[Dataset entries]
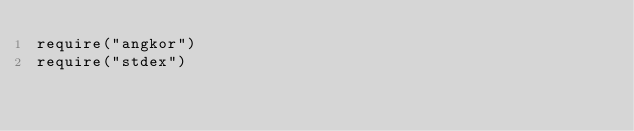<code> <loc_0><loc_0><loc_500><loc_500><_CMake_>require("angkor")
require("stdex")
</code> 
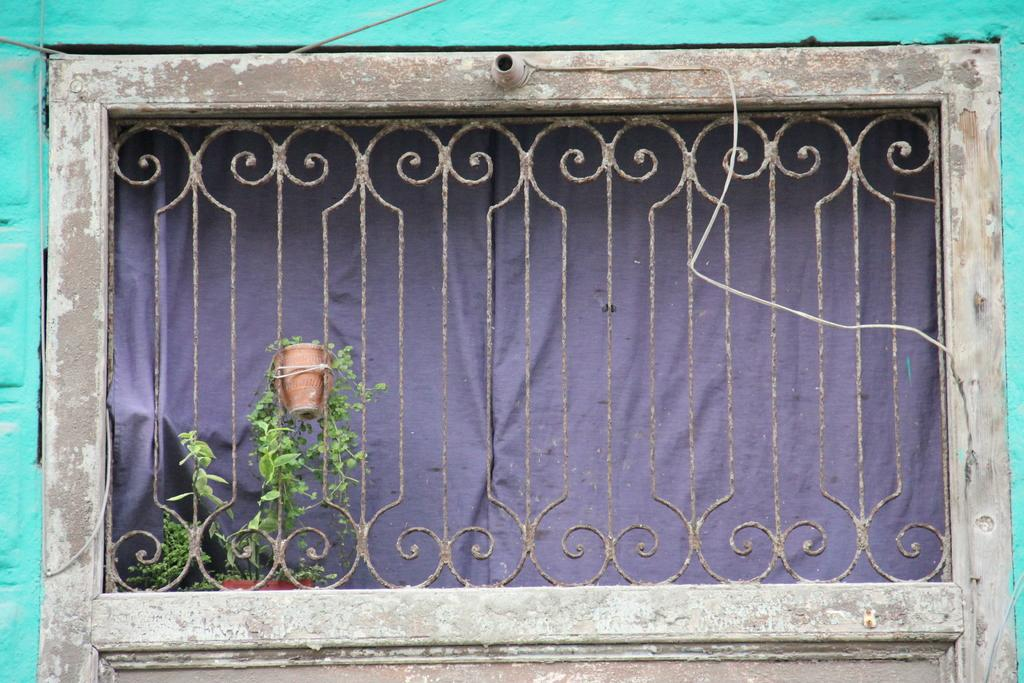What is the main object in the image? There is a grille in the image. What is attached to the grille? A potted plant is attached to the grille. What is attached to the wood in the image? There is a light holder attached to the wood. What can be seen behind the grille? There is a curtain behind the grille. What type of comb is used to style the curtain in the image? There is no comb present in the image, and the curtain is not styled. 
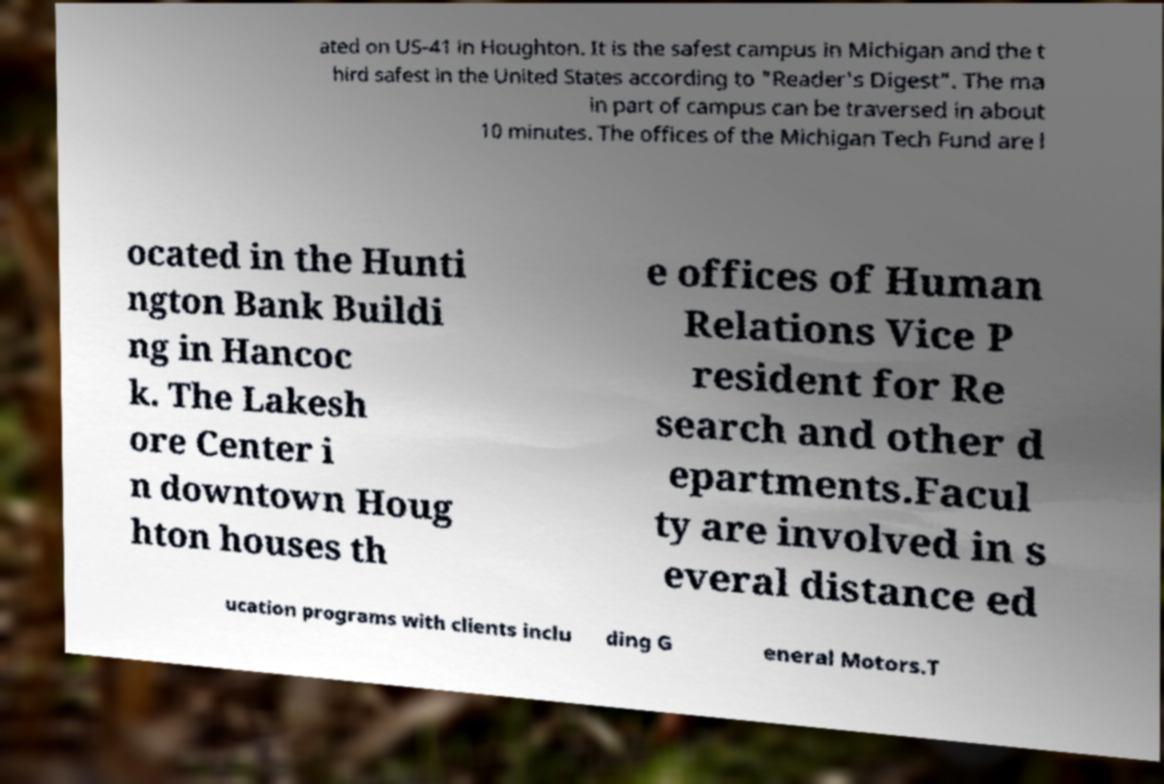Please read and relay the text visible in this image. What does it say? ated on US-41 in Houghton. It is the safest campus in Michigan and the t hird safest in the United States according to "Reader's Digest". The ma in part of campus can be traversed in about 10 minutes. The offices of the Michigan Tech Fund are l ocated in the Hunti ngton Bank Buildi ng in Hancoc k. The Lakesh ore Center i n downtown Houg hton houses th e offices of Human Relations Vice P resident for Re search and other d epartments.Facul ty are involved in s everal distance ed ucation programs with clients inclu ding G eneral Motors.T 
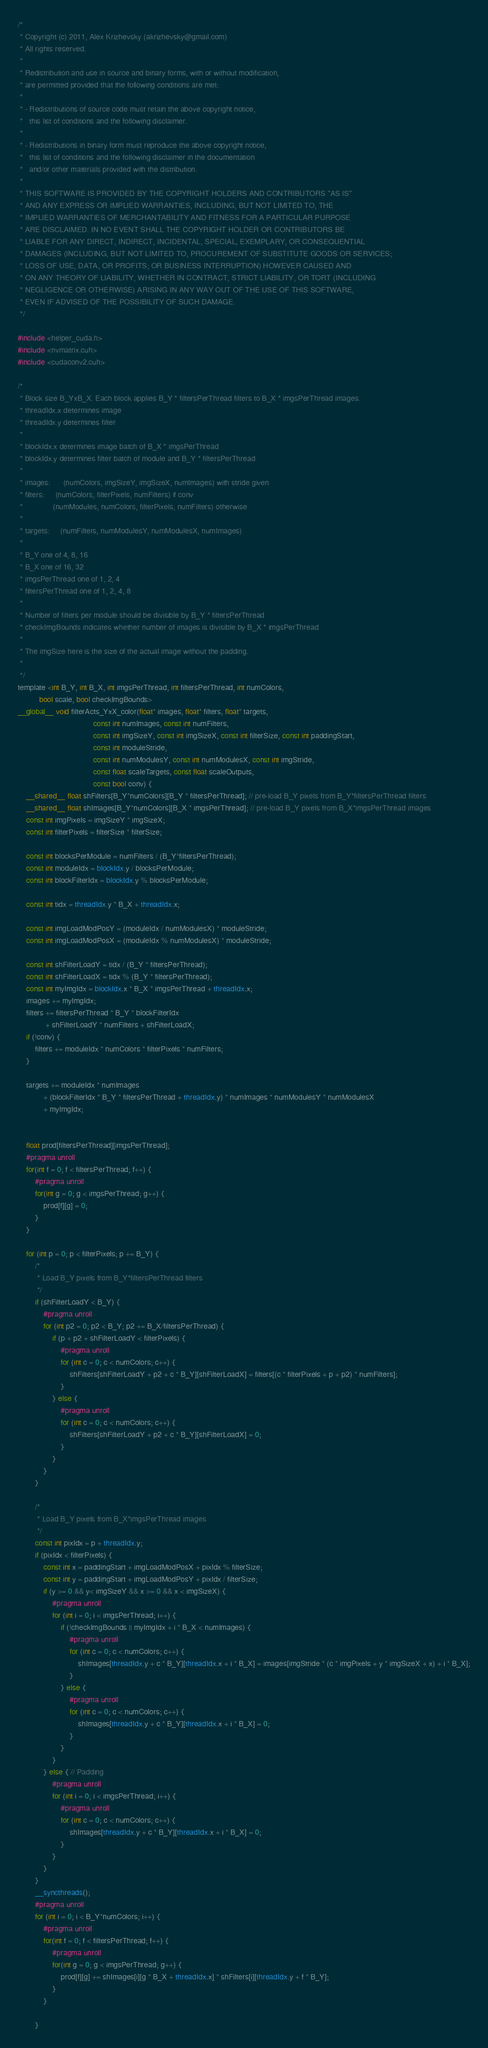<code> <loc_0><loc_0><loc_500><loc_500><_Cuda_>/* 
 * Copyright (c) 2011, Alex Krizhevsky (akrizhevsky@gmail.com)
 * All rights reserved.
 *
 * Redistribution and use in source and binary forms, with or without modification,
 * are permitted provided that the following conditions are met:
 *
 * - Redistributions of source code must retain the above copyright notice,
 *   this list of conditions and the following disclaimer.
 * 
 * - Redistributions in binary form must reproduce the above copyright notice,
 *   this list of conditions and the following disclaimer in the documentation
 *   and/or other materials provided with the distribution.
 *
 * THIS SOFTWARE IS PROVIDED BY THE COPYRIGHT HOLDERS AND CONTRIBUTORS "AS IS"
 * AND ANY EXPRESS OR IMPLIED WARRANTIES, INCLUDING, BUT NOT LIMITED TO, THE
 * IMPLIED WARRANTIES OF MERCHANTABILITY AND FITNESS FOR A PARTICULAR PURPOSE
 * ARE DISCLAIMED. IN NO EVENT SHALL THE COPYRIGHT HOLDER OR CONTRIBUTORS BE
 * LIABLE FOR ANY DIRECT, INDIRECT, INCIDENTAL, SPECIAL, EXEMPLARY, OR CONSEQUENTIAL
 * DAMAGES (INCLUDING, BUT NOT LIMITED TO, PROCUREMENT OF SUBSTITUTE GOODS OR SERVICES;
 * LOSS OF USE, DATA, OR PROFITS; OR BUSINESS INTERRUPTION) HOWEVER CAUSED AND
 * ON ANY THEORY OF LIABILITY, WHETHER IN CONTRACT, STRICT LIABILITY, OR TORT (INCLUDING
 * NEGLIGENCE OR OTHERWISE) ARISING IN ANY WAY OUT OF THE USE OF THIS SOFTWARE,
 * EVEN IF ADVISED OF THE POSSIBILITY OF SUCH DAMAGE.
 */

#include <helper_cuda.h>
#include <nvmatrix.cuh>
#include <cudaconv2.cuh>

/*
 * Block size B_YxB_X. Each block applies B_Y * filtersPerThread filters to B_X * imgsPerThread images.
 * threadIdx.x determines image
 * threadIdx.y determines filter
 *
 * blockIdx.x determines image batch of B_X * imgsPerThread
 * blockIdx.y determines filter batch of module and B_Y * filtersPerThread
 *
 * images:      (numColors, imgSizeY, imgSizeX, numImages) with stride given
 * filters:     (numColors, filterPixels, numFilters) if conv
 *              (numModules, numColors, filterPixels, numFilters) otherwise
 *
 * targets:     (numFilters, numModulesY, numModulesX, numImages)
 *
 * B_Y one of 4, 8, 16
 * B_X one of 16, 32
 * imgsPerThread one of 1, 2, 4
 * filtersPerThread one of 1, 2, 4, 8
 *
 * Number of filters per module should be divisible by B_Y * filtersPerThread
 * checkImgBounds indicates whether number of images is divisible by B_X * imgsPerThread
 *
 * The imgSize here is the size of the actual image without the padding.
 *
 */
template <int B_Y, int B_X, int imgsPerThread, int filtersPerThread, int numColors,
          bool scale, bool checkImgBounds>
__global__ void filterActs_YxX_color(float* images, float* filters, float* targets,
                                   const int numImages, const int numFilters,
                                   const int imgSizeY, const int imgSizeX, const int filterSize, const int paddingStart,
                                   const int moduleStride,
                                   const int numModulesY, const int numModulesX, const int imgStride,
                                   const float scaleTargets, const float scaleOutputs,
                                   const bool conv) {
    __shared__ float shFilters[B_Y*numColors][B_Y * filtersPerThread]; // pre-load B_Y pixels from B_Y*filtersPerThread filters
    __shared__ float shImages[B_Y*numColors][B_X * imgsPerThread]; // pre-load B_Y pixels from B_X*imgsPerThread images
    const int imgPixels = imgSizeY * imgSizeX;
    const int filterPixels = filterSize * filterSize;

    const int blocksPerModule = numFilters / (B_Y*filtersPerThread);
    const int moduleIdx = blockIdx.y / blocksPerModule;
    const int blockFilterIdx = blockIdx.y % blocksPerModule;

    const int tidx = threadIdx.y * B_X + threadIdx.x;

    const int imgLoadModPosY = (moduleIdx / numModulesX) * moduleStride;
    const int imgLoadModPosX = (moduleIdx % numModulesX) * moduleStride;

    const int shFilterLoadY = tidx / (B_Y * filtersPerThread);
    const int shFilterLoadX = tidx % (B_Y * filtersPerThread);
    const int myImgIdx = blockIdx.x * B_X * imgsPerThread + threadIdx.x;
    images += myImgIdx;
    filters += filtersPerThread * B_Y * blockFilterIdx
             + shFilterLoadY * numFilters + shFilterLoadX;
    if (!conv) {
        filters += moduleIdx * numColors * filterPixels * numFilters;
    }

    targets += moduleIdx * numImages
            + (blockFilterIdx * B_Y * filtersPerThread + threadIdx.y) * numImages * numModulesY * numModulesX
            + myImgIdx;


    float prod[filtersPerThread][imgsPerThread];
    #pragma unroll
    for(int f = 0; f < filtersPerThread; f++) {
        #pragma unroll
        for(int g = 0; g < imgsPerThread; g++) {
            prod[f][g] = 0;
        }
    }

    for (int p = 0; p < filterPixels; p += B_Y) {
        /*
         * Load B_Y pixels from B_Y*filtersPerThread filters
         */
        if (shFilterLoadY < B_Y) {
            #pragma unroll
            for (int p2 = 0; p2 < B_Y; p2 += B_X/filtersPerThread) {
                if (p + p2 + shFilterLoadY < filterPixels) {
                    #pragma unroll
                    for (int c = 0; c < numColors; c++) {
                        shFilters[shFilterLoadY + p2 + c * B_Y][shFilterLoadX] = filters[(c * filterPixels + p + p2) * numFilters];
                    }
                } else {
                    #pragma unroll
                    for (int c = 0; c < numColors; c++) {
                        shFilters[shFilterLoadY + p2 + c * B_Y][shFilterLoadX] = 0;
                    }
                }
            }
        }

        /*
         * Load B_Y pixels from B_X*imgsPerThread images
         */
        const int pixIdx = p + threadIdx.y;
        if (pixIdx < filterPixels) {
            const int x = paddingStart + imgLoadModPosX + pixIdx % filterSize;
            const int y = paddingStart + imgLoadModPosY + pixIdx / filterSize;
            if (y >= 0 && y< imgSizeY && x >= 0 && x < imgSizeX) {
                #pragma unroll
                for (int i = 0; i < imgsPerThread; i++) {
                    if (!checkImgBounds || myImgIdx + i * B_X < numImages) {
                        #pragma unroll
                        for (int c = 0; c < numColors; c++) {
                            shImages[threadIdx.y + c * B_Y][threadIdx.x + i * B_X] = images[imgStride * (c * imgPixels + y * imgSizeX + x) + i * B_X];
                        }
                    } else {
                        #pragma unroll
                        for (int c = 0; c < numColors; c++) {
                            shImages[threadIdx.y + c * B_Y][threadIdx.x + i * B_X] = 0;
                        }
                    }
                }
            } else { // Padding
                #pragma unroll
                for (int i = 0; i < imgsPerThread; i++) {
                    #pragma unroll
                    for (int c = 0; c < numColors; c++) {
                        shImages[threadIdx.y + c * B_Y][threadIdx.x + i * B_X] = 0;
                    }
                }
            }
        }
        __syncthreads();
        #pragma unroll
        for (int i = 0; i < B_Y*numColors; i++) {
            #pragma unroll
            for(int f = 0; f < filtersPerThread; f++) {
                #pragma unroll
                for(int g = 0; g < imgsPerThread; g++) {
                    prod[f][g] += shImages[i][g * B_X + threadIdx.x] * shFilters[i][threadIdx.y + f * B_Y];
                }
            }

        }</code>

# DIRECTIONS FOR THIS TASK
Extract from the records above the lines from the one containing "one of 16, 32" to the one containing "const int numImages, const", both lines included, exactly as they appear and with nothing else.

# WRITTEN RESPONSE
 * B_X one of 16, 32
 * imgsPerThread one of 1, 2, 4
 * filtersPerThread one of 1, 2, 4, 8
 *
 * Number of filters per module should be divisible by B_Y * filtersPerThread
 * checkImgBounds indicates whether number of images is divisible by B_X * imgsPerThread
 *
 * The imgSize here is the size of the actual image without the padding.
 *
 */
template <int B_Y, int B_X, int imgsPerThread, int filtersPerThread, int numColors,
          bool scale, bool checkImgBounds>
__global__ void filterActs_YxX_color(float* images, float* filters, float* targets,
                                   const int numImages, const int numFilters,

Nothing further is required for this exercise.